Opposing perspectives

  1. Autorités étatiques iraniennes

    Les médias d’État iraniens présentent les cérémonies de juillet comme un adieu national ordonné qui rétablit le rituel public après le report dû à la guerre. Selon cette lecture, la procession à travers Téhéran, Qom et Mashhad vise à montrer une continuité entre Khomeini, Ali Khamenei et Mojtaba Khamenei malgré la pression militaire et une succession contestée.

  2. Faucons sécuritaires américains et israéliens

    Les faucons américains et israéliens présenteraient les funérailles retardées comme la preuve que les frappes ont affaibli la structure de commandement iranienne et forcé Téhéran à une gestion de crise réactive. Leur argument le plus fort est que la pression a produit des négociations et limité la portée régionale de l’Iran, même si elle a aussi accru les risques d’escalade.

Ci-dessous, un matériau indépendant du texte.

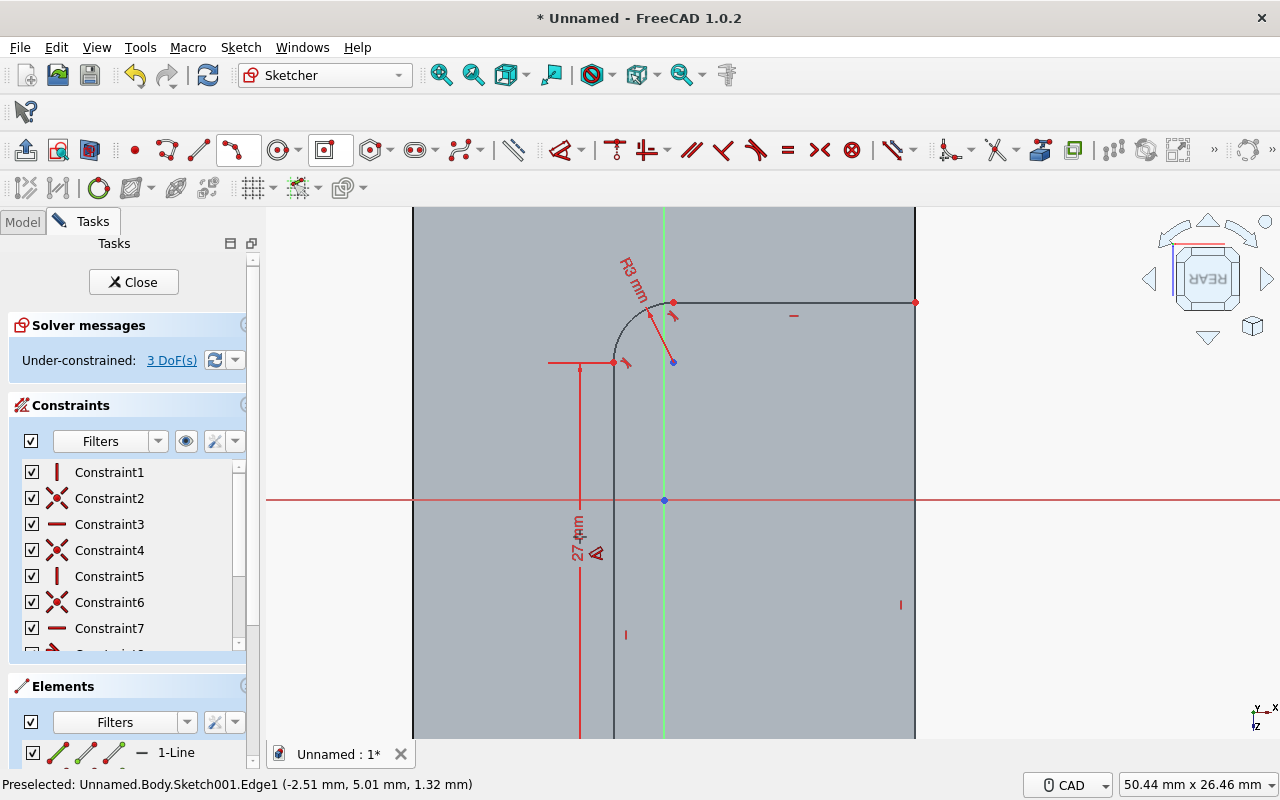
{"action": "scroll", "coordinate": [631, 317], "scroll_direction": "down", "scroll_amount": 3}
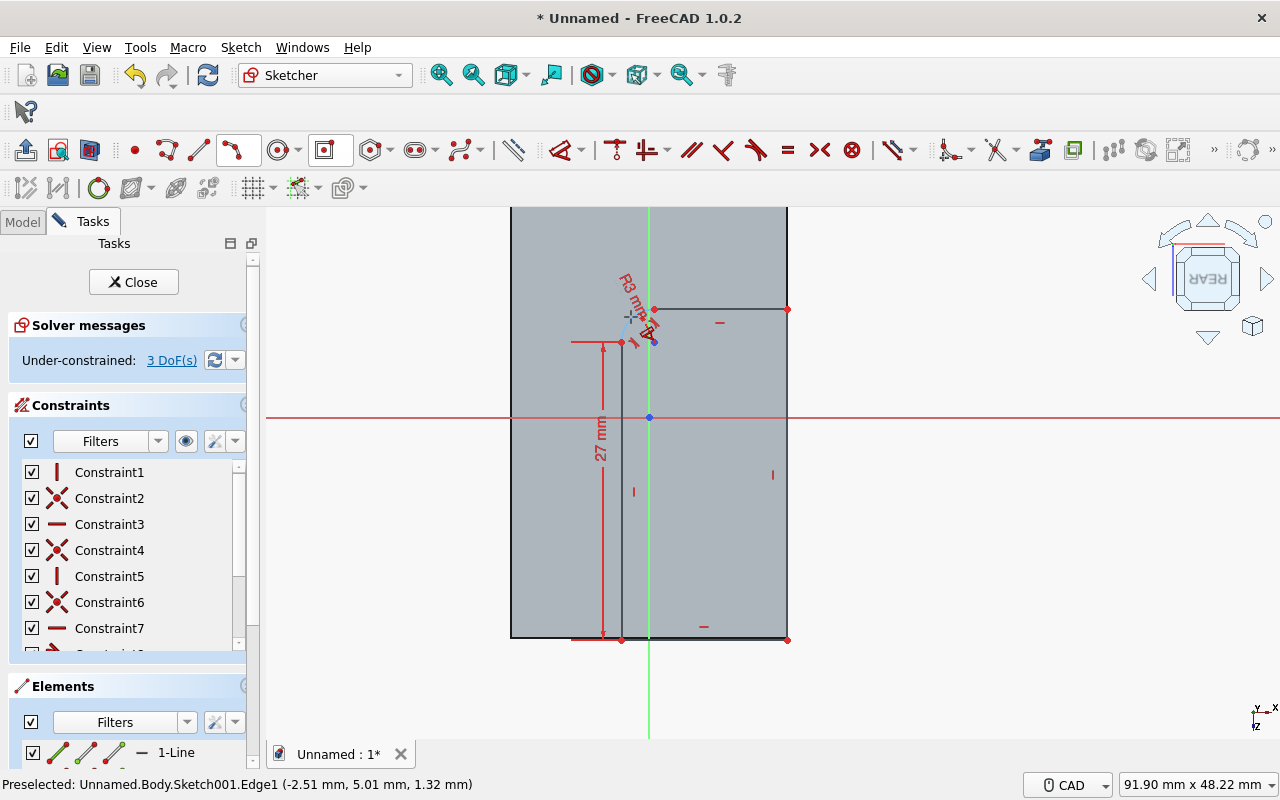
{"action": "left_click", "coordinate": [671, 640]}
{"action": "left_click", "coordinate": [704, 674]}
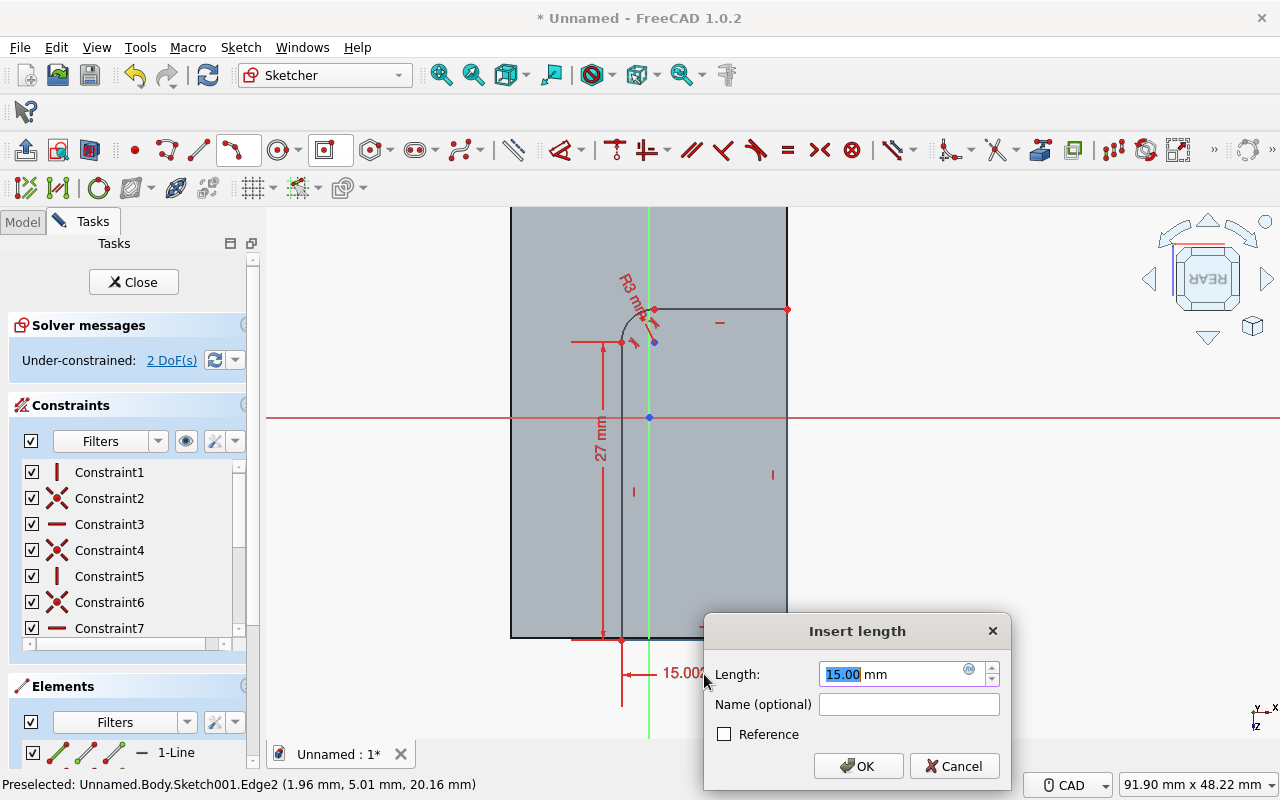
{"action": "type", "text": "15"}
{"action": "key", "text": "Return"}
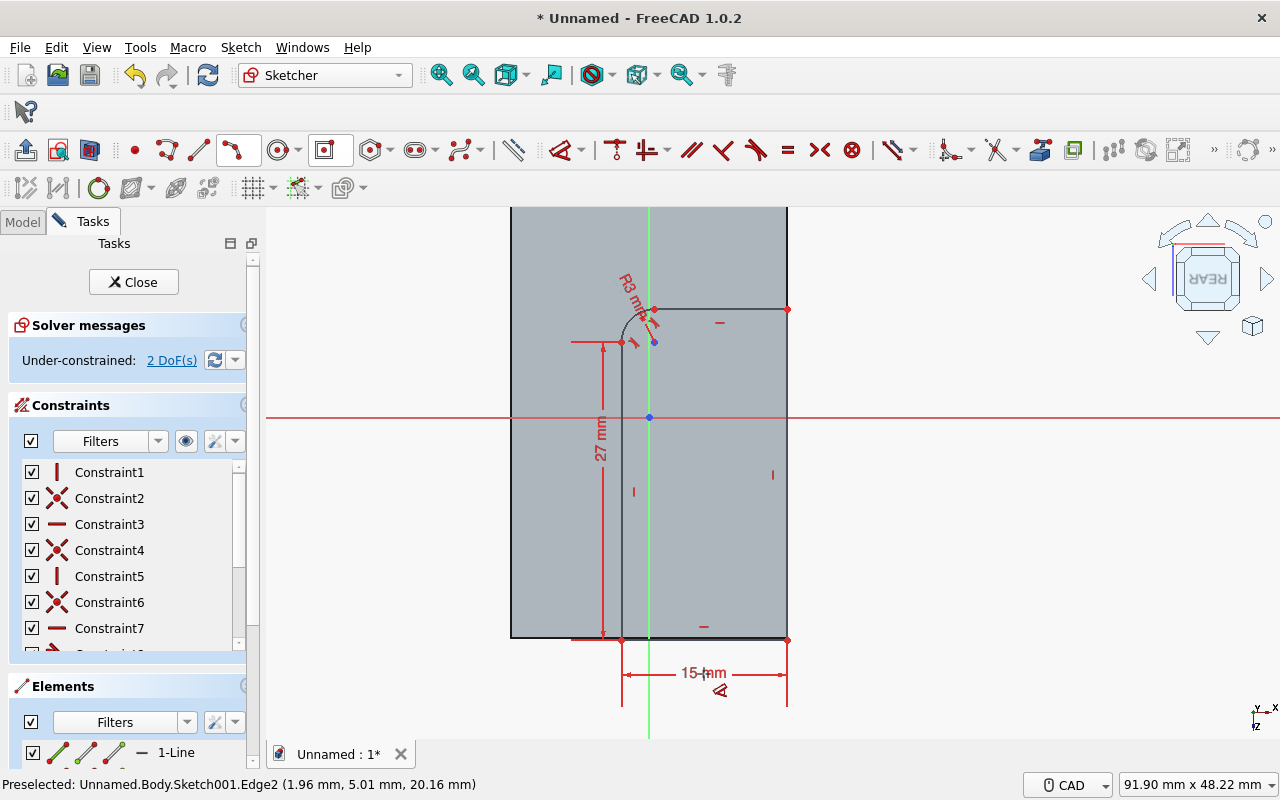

  3. Camp européen de la désescalade

    Les gouvernements européens axés sur la désescalade verraient les funérailles comme un moment symbolique volatil qui pourrait soit consolider un cessez-le-feu, soit devenir une plateforme de nouvelles représailles. Leur argument le plus solide est que le transport maritime dans le Golfe, la diplomatie nucléaire et les répercussions régionales exigent de la retenue plutôt qu’un nouveau cycle de menaces publiques.

  4. Opposition iranienne et groupes de la diaspora

    Des figures de l’opposition iranienne et des groupes de la diaspora soutiendraient que les funérailles d’État visent à fabriquer l’unité autour d’une succession que de nombreux Iraniens n’ont pas choisie. Leur argument le plus fort est que les rituels de deuil ne peuvent pas résoudre les griefs plus profonds liés à la répression, à l’isolement économique et au rôle des services de sécurité dans la politique.